El viajero que se dirija hacia el norte por la esquina noroccidental de la provincia de Burgos, a pocos kilómetros de las rayas con las vecinas Palencia y Cantabria, se encontrará con un imponente cerro que domina como una atalaya, con sus 1.377 metros de altura, la llanura que se despliega a sus pies, cuatrocientos metros más abajo.

Se trata de Peña Amaya, singular baluarte natural ubicado cerca de otros similares, como Peña Ulaña, La Loma, Cildá y el Monte Bernorio, que, debido precisamente a sus perfiles, representaron un papel extraordinario en la milenaria historia de España. Porque cuando los romanos se dirigieron hacia las boscosas montañas septentrionales para someter a los cántabros y astures, últimos pueblos ibéricos que se resistían a su dominio, su primer obstáculo, todavía al sur de la cordillera, fueron los castros encaramados en estas fortalezas naturales en las que los nativos se parapetaron. Los restos arqueológicos, conocidos desde antiguo y todavía hoy bajo investigación, demuestran que aquellos riscos estuvieron poblados desde la lejana Edad del Bronce y, posteriormente, por los cántabros de las fuentes romanas; que Augusto y sus generales tuvieron que someter a aquellos levantiscos indígenas tras cruenta lucha y que posteriormente establecieron en aquellos lugares acuartelamientos para tenerlos vigilados. En el caso concreto de Amaya, aunque no aparece citada con ese nombre en las fuentes romanas coetáneas, restos numismáticos y militares evidencian que en ella se instaló una guarnición romana en época de Augusto, dependiente de la Legión IV Macedónica instalada en Herrera de Pisuerga.
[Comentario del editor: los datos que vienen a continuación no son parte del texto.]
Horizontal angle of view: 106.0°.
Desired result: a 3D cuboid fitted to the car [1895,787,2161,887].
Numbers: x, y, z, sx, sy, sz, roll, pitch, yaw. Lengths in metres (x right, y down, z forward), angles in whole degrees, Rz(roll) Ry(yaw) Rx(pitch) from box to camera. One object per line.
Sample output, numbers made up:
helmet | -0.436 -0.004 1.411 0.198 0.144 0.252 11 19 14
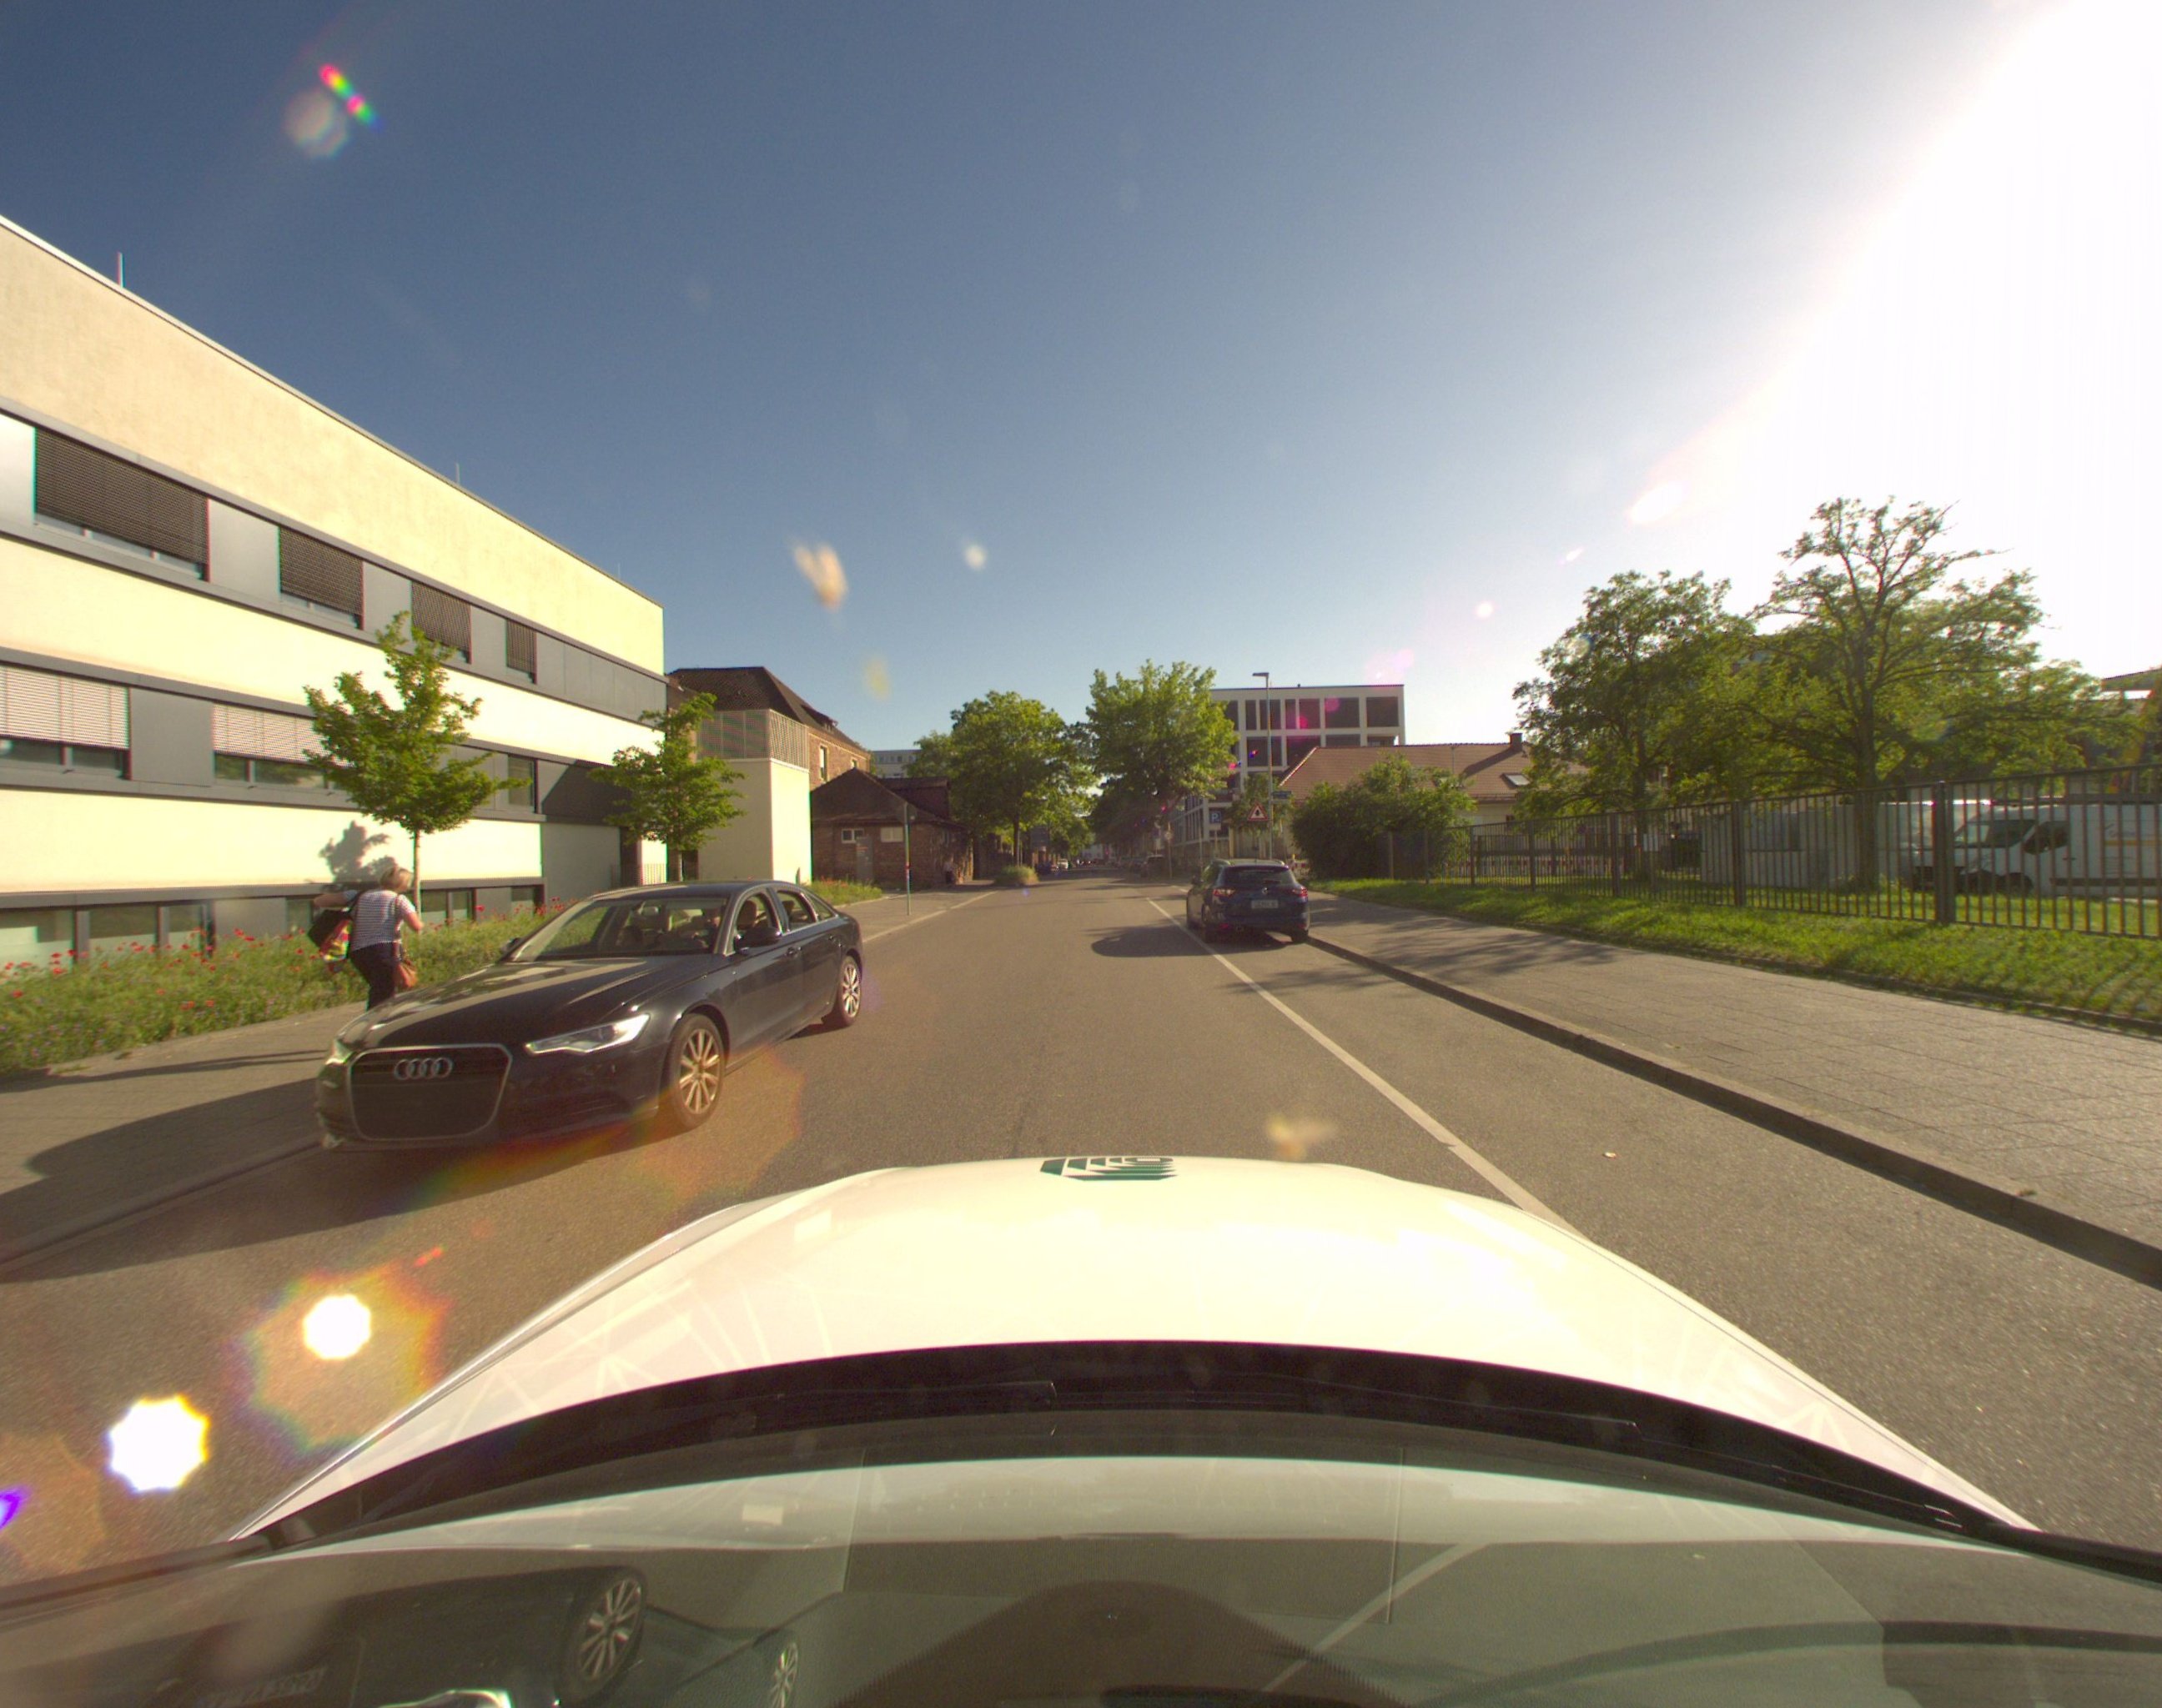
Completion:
car | 23.536 -0.414 19.766 5.257 2.202 2.004 -1 1 6

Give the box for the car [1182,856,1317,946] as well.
car | 3.026 0.775 15.466 1.811 1.453 4.216 0 0 2

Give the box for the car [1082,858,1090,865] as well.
car | 1.131 1.561 179.841 1.647 1.530 4.000 -1 0 1

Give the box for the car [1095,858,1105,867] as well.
car | 3.687 1.608 156.743 1.761 1.548 4.065 -2 0 0

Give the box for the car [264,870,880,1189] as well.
car | -3.086 0.915 6.303 1.755 1.442 4.539 -2 0 2

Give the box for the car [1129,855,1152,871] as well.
car | 5.553 0.840 76.437 1.761 1.440 3.999 -2 0 0

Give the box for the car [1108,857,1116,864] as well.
car | 7.098 1.501 186.423 1.580 1.400 3.838 -1 0 2

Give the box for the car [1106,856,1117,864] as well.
car | 5.774 1.122 153.589 1.986 1.425 3.838 -1 0 2

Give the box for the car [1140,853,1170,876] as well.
car | 4.989 0.707 55.362 1.697 1.468 4.789 -1 0 1

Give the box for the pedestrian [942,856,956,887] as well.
pedestrian | -6.780 0.901 41.880 0.519 1.562 1.096 -1 0 0

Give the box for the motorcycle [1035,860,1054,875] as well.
motorcycle | -3.287 1.236 73.219 0.570 1.276 2.135 -2 0 34

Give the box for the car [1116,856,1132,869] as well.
car | 5.531 1.092 105.294 1.943 1.578 3.838 -1 0 2

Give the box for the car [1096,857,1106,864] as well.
car | 3.916 1.255 157.515 1.882 1.400 3.838 -1 0 2

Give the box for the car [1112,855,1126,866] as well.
car | 5.562 0.974 120.938 1.986 1.465 3.838 -1 0 2

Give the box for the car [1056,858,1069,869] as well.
car | -2.643 1.408 117.374 1.761 1.487 3.999 -2 0 0

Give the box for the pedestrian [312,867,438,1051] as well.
pedestrian | -6.178 0.888 7.153 0.536 1.524 0.607 -1 0 2

Los siglos fueron pasando, y en torno al año 589 Juan de Bíclaro nos dejó la primera mención documental de Amaya. Pues quince años antes había sido tomada por el rey Leovigildoen su campaña de sometimiento de los siempre revoltosos pueblos septentrionales:

En estos días el rey Leovigildo, penetrando en Cantabria, da muerte a los atacantes de la provincia, ocupa Amaya, conquista sus fortificaciones y reintegra bajo su autoridad a la provincia.
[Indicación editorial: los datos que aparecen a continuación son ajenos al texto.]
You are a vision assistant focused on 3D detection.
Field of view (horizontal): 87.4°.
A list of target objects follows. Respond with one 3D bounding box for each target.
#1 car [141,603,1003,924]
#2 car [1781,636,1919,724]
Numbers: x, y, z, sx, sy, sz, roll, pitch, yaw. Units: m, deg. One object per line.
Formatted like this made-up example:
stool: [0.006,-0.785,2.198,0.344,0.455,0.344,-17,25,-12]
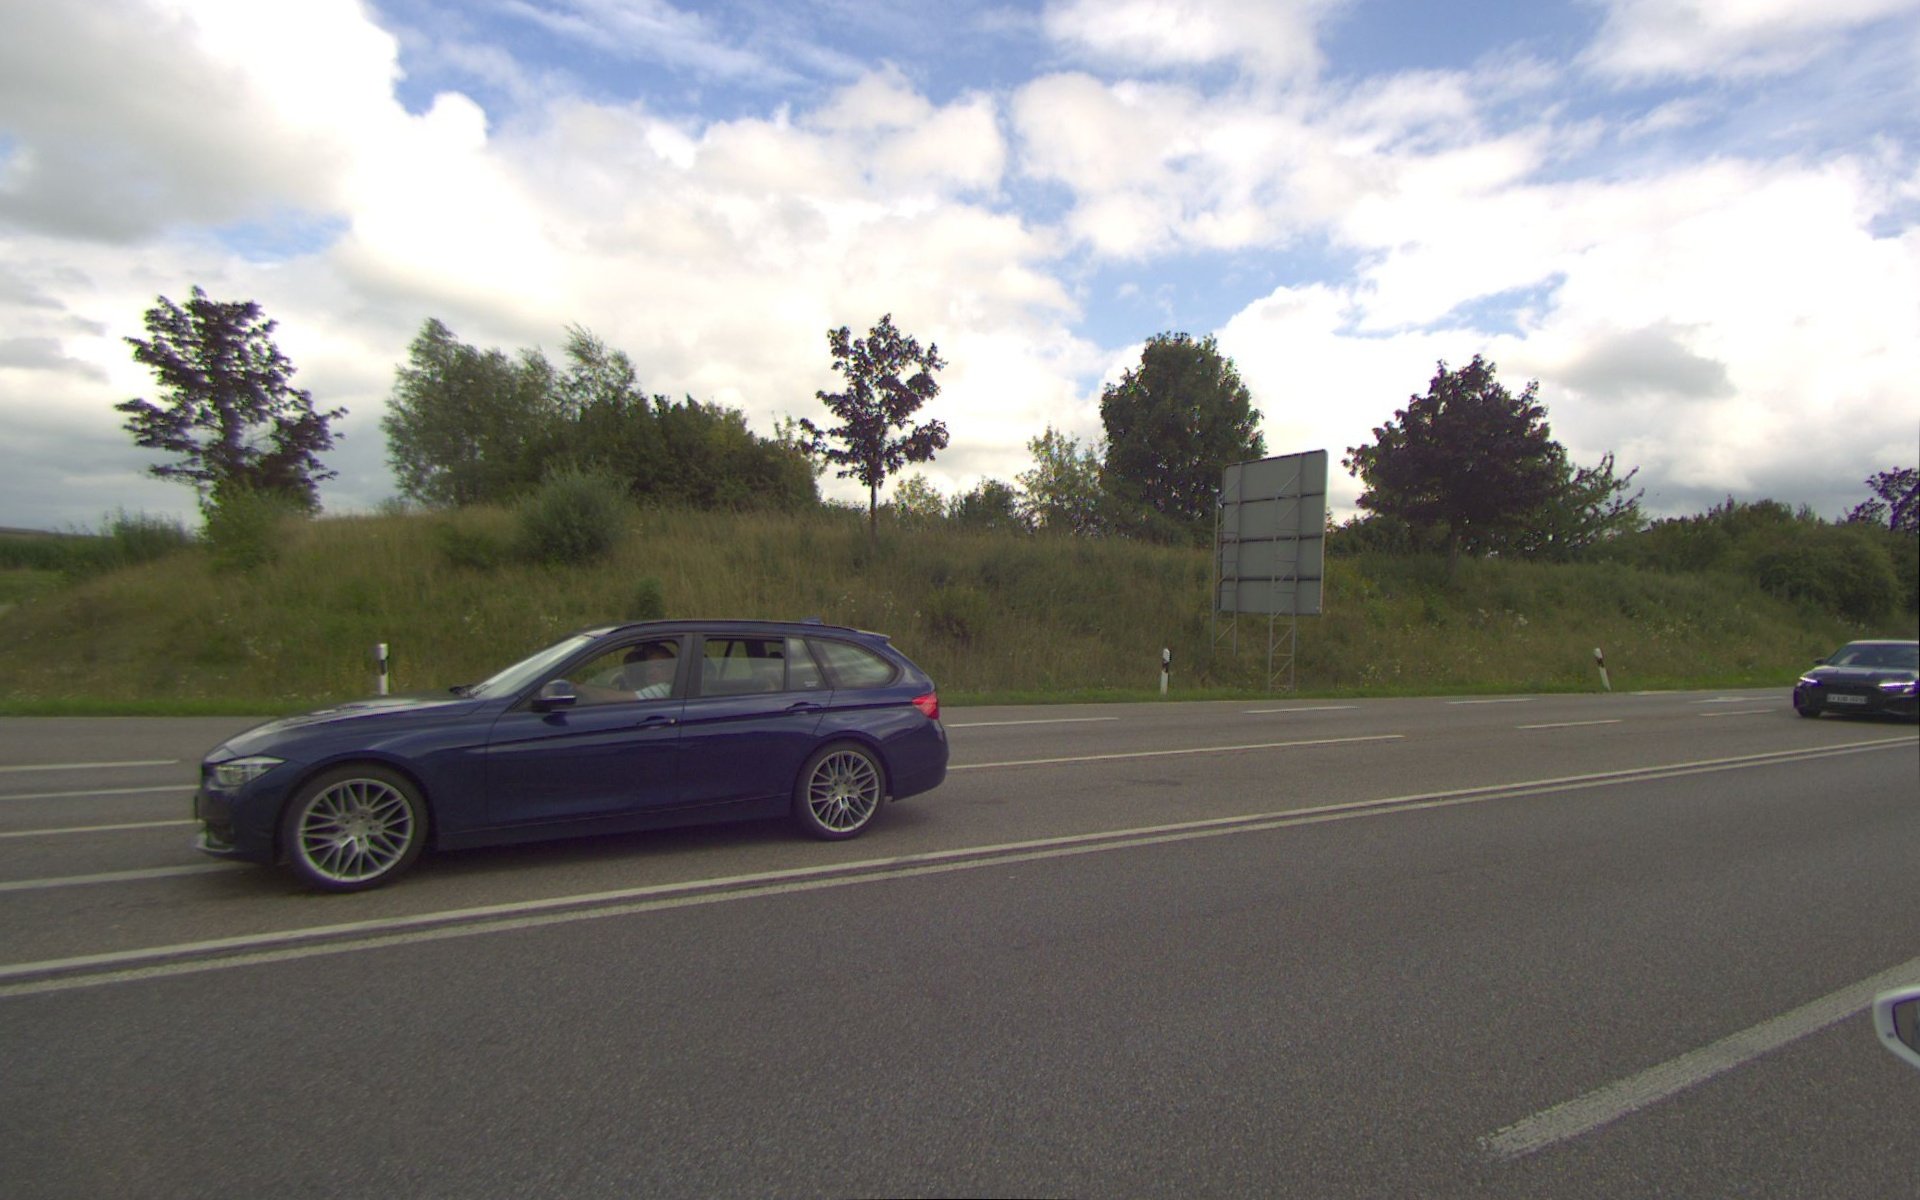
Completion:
car: [-2.270,0.840,6.844,4.825,1.503,2.038,1,-2,-31]
car: [17.127,1.399,18.508,4.494,1.401,1.755,2,-1,-32]

Por su parte, san Braulio, obispo de Zaragoza, escribió hacia 640 una Vida de san Millan de la Cogolla en la que le atribuyó una visión de la destrucción de Cantabria, visión que habría revelado a los senadores de Amaya para atemorizarles por sus pecados. Uno de ellos, Abundancio, se rió de sus desvaríos, ante lo que el santo le informó de que él mismo sería uno de los que perecerían. En el arca relicario del monasterio de san Millán de la Cogolla, del siglo XI, se representa la toma de Amaya y el momento de la ejecución de Abundancio por Leovigildo, con la inscripción "Ubi Leovigildus rex Cantabros afficit" ("En donde el rey Leovigildo castigó a los cántabros").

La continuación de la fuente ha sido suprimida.